▶ [EXERCISE]: The needed output is the run of lines below from the one containing "Keep it short" through the one containing "Provide a one-sentence", copied exactly and free of pictures.

▶ [RECORDED DATA]:
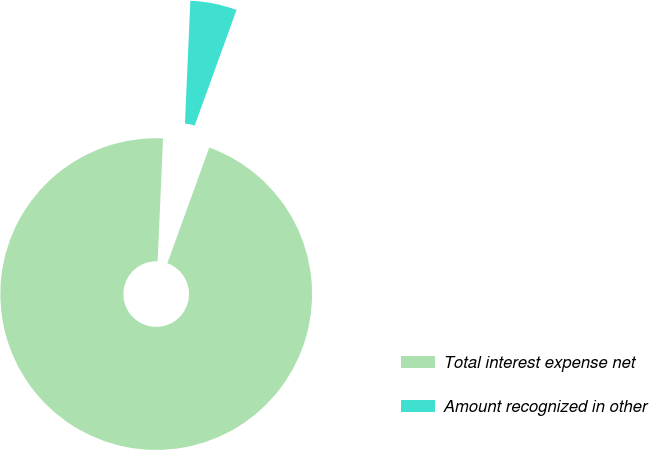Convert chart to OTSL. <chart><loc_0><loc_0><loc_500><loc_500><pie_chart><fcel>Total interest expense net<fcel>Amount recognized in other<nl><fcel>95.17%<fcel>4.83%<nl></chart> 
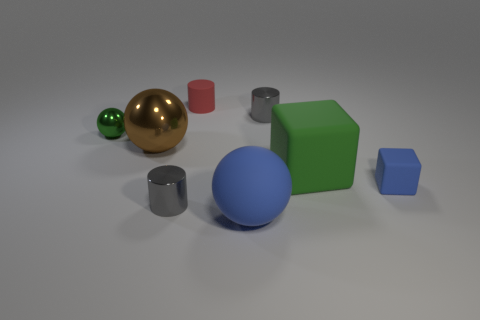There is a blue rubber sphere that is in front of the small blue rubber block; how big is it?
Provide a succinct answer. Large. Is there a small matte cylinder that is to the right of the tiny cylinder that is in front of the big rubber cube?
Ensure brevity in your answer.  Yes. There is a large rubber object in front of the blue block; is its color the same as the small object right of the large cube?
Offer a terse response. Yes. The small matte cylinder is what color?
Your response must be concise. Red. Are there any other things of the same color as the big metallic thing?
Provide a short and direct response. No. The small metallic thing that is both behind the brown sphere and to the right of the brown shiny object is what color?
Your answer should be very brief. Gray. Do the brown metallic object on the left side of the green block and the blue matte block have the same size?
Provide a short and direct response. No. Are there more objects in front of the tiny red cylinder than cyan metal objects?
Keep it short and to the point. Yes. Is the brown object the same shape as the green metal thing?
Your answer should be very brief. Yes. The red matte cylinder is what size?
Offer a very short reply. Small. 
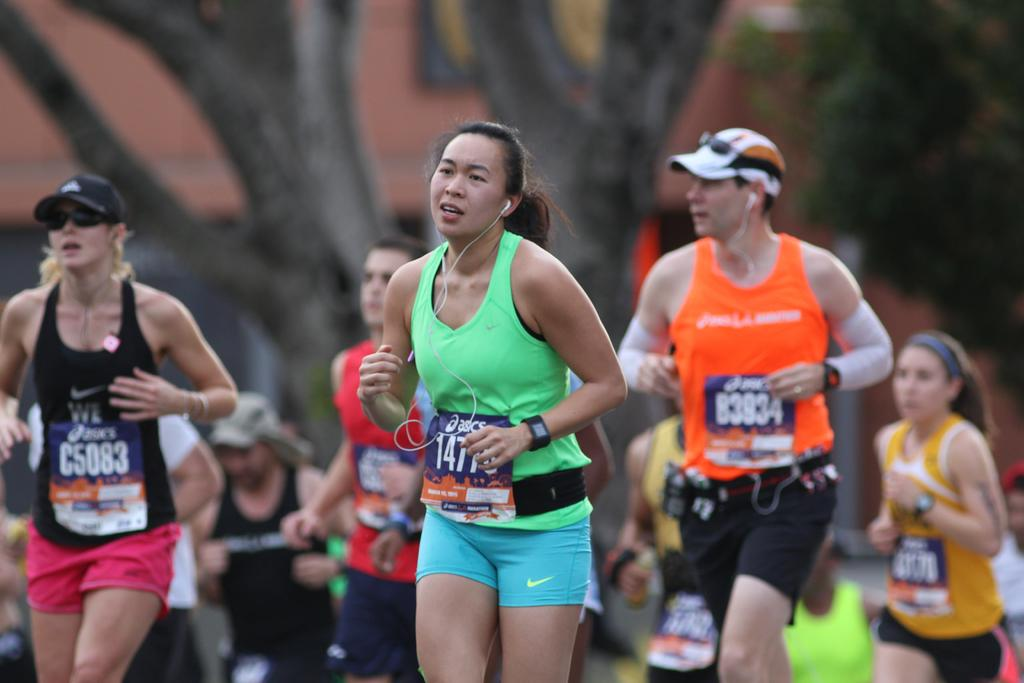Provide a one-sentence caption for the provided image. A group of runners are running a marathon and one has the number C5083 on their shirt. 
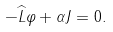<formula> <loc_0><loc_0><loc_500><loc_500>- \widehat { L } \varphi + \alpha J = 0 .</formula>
==
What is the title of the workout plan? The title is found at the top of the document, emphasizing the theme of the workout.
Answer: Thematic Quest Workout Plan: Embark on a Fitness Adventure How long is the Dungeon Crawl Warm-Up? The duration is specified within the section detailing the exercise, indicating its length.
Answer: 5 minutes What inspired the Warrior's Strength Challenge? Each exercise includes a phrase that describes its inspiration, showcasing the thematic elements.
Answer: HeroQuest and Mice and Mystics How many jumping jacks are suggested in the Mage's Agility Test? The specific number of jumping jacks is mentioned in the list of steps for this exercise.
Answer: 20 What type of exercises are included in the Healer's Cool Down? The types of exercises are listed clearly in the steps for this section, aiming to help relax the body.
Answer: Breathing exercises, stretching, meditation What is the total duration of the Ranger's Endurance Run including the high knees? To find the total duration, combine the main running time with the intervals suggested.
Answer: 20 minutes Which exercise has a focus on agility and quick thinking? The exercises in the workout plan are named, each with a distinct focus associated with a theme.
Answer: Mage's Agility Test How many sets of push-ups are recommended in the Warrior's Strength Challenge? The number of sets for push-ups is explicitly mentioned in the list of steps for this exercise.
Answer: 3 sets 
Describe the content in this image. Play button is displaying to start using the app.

▶ [WRITTEN SOLUTION]:
Keep it short and to the point. Yes. Is the brown object the same shape as the green metal thing?
Your answer should be very brief. Yes. The red matte cylinder is what size?
Offer a very short reply. Small. 
Provide a one-sentence caption for the provided image. A group of runners are running a marathon and one has the number C5083 on their shirt. 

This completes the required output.